How do you think experiences like that changed your approach to your career?

It allowed me to develop my non-verbal communication skills which have been helpful when working with patients in my current role who might struggle to understand verbal communication. 

It also allowed me to appreciate the facilities we had access to in the UK as we often moan about a lack of funding or access to resources, but in comparison to what was available in Vietnam, we are very lucky. 

I also think it helped me to develop my confidence and independence in overcoming the challenges of solo travel and placement so far away from home. This experience has 100% benefitted me in knowing I can handle the challenges that life throws at me.

Dooley, Chloe

So, what happened once you graduated? What’s your current role?

I was lucky enough to secure a rotational job working in Cardiff and Vale UHB. I’ve been based in the community for my first 6 months and I’m now moving to work in critical care. 

In what ways has your Work the World experience in Vietnam contributed to what you’ve achieved so far in life and in your career?

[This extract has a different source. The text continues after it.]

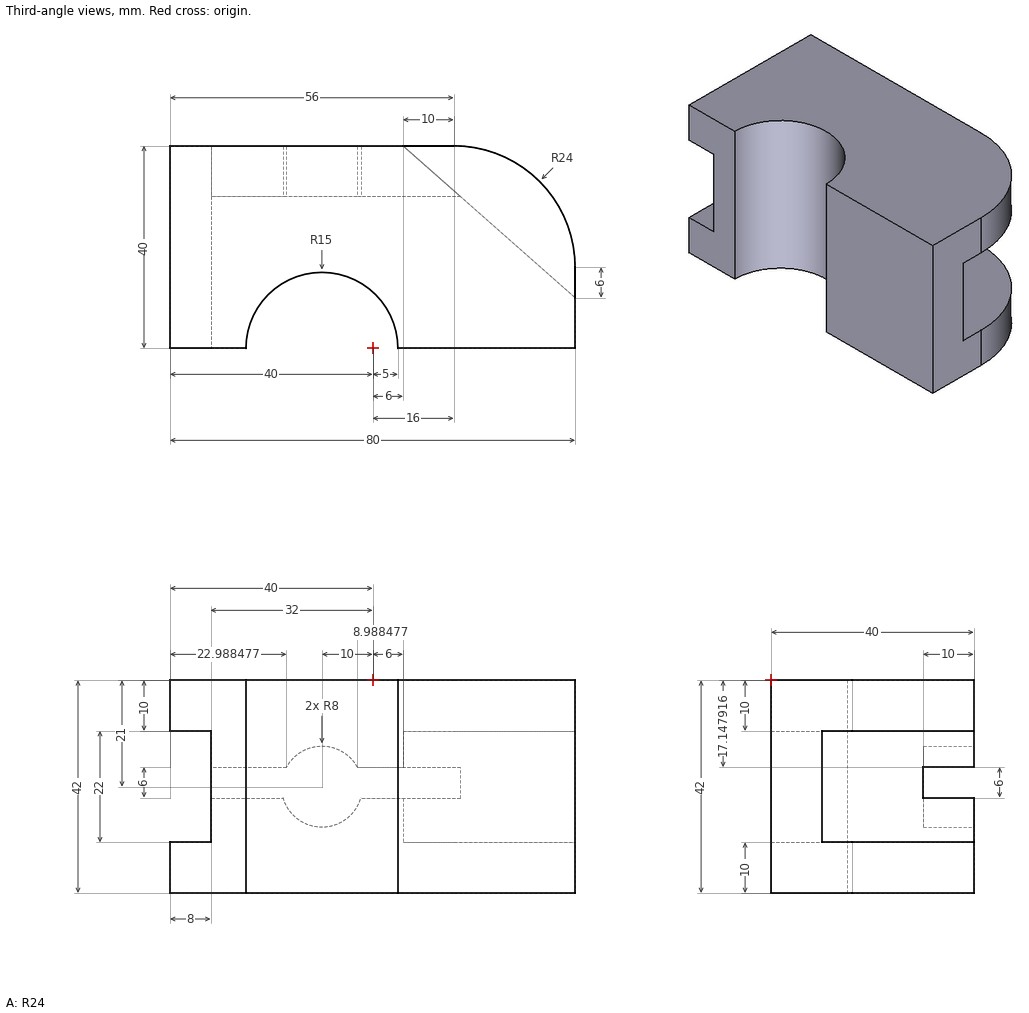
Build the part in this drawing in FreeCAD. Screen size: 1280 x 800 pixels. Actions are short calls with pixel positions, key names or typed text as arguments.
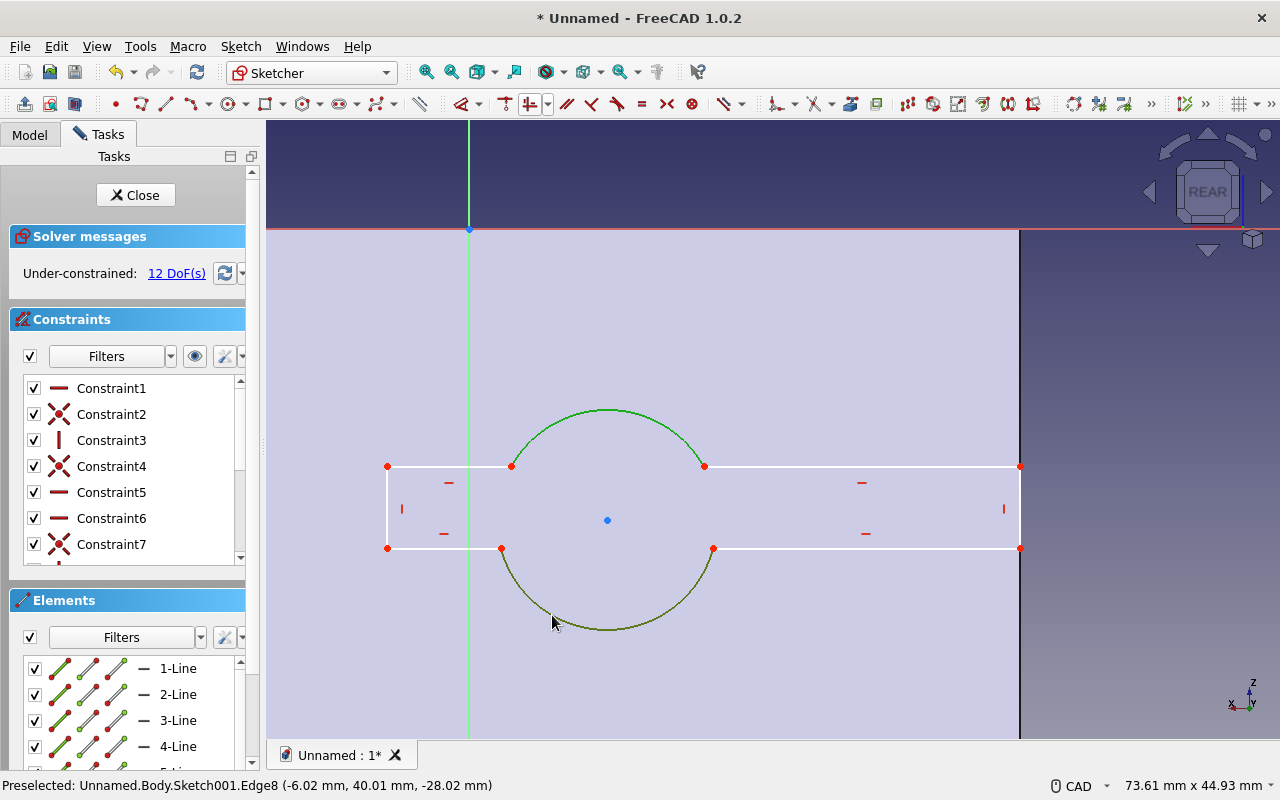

I was definitely able to pull on some of the skills and experiences I’d had in Vietnam, in particular during job interviews. Being able to reflect on these was incredibly useful. It has also really boosted my passion for travel. I cannot wait to get back out and explore the world some more.

Dooley, Chloe

What are your ambitions for the future? 

I would love to be able to take my physiotherapy skills overseas again at some point as I think there's so much for us to learn and for us to share - possibly once I’ve got a good few years of experience under my belt. I’m still undecided on a speciality area I might like to go into, but for now, I just hope to enjoy my rotations, and enjoy spending time helping patients to work towards their goals and grow my clinical skills. I’d also love to return to Vietnam in the future as the country really does have a special place in my heart. 

Dooley, Chloe

And lastly, do you have any words of encouragement for students thinking about undertaking an overseas physiotherapy placement?

I would just say 100% go for it! Despite the challenges it threw at me, I developed so many skills and I had experiences I wouldn’t have had if I had stayed in the UK. 

It really is a once-in-a-lifetime experience that will definitely be a good stepping stone for the rest of your career.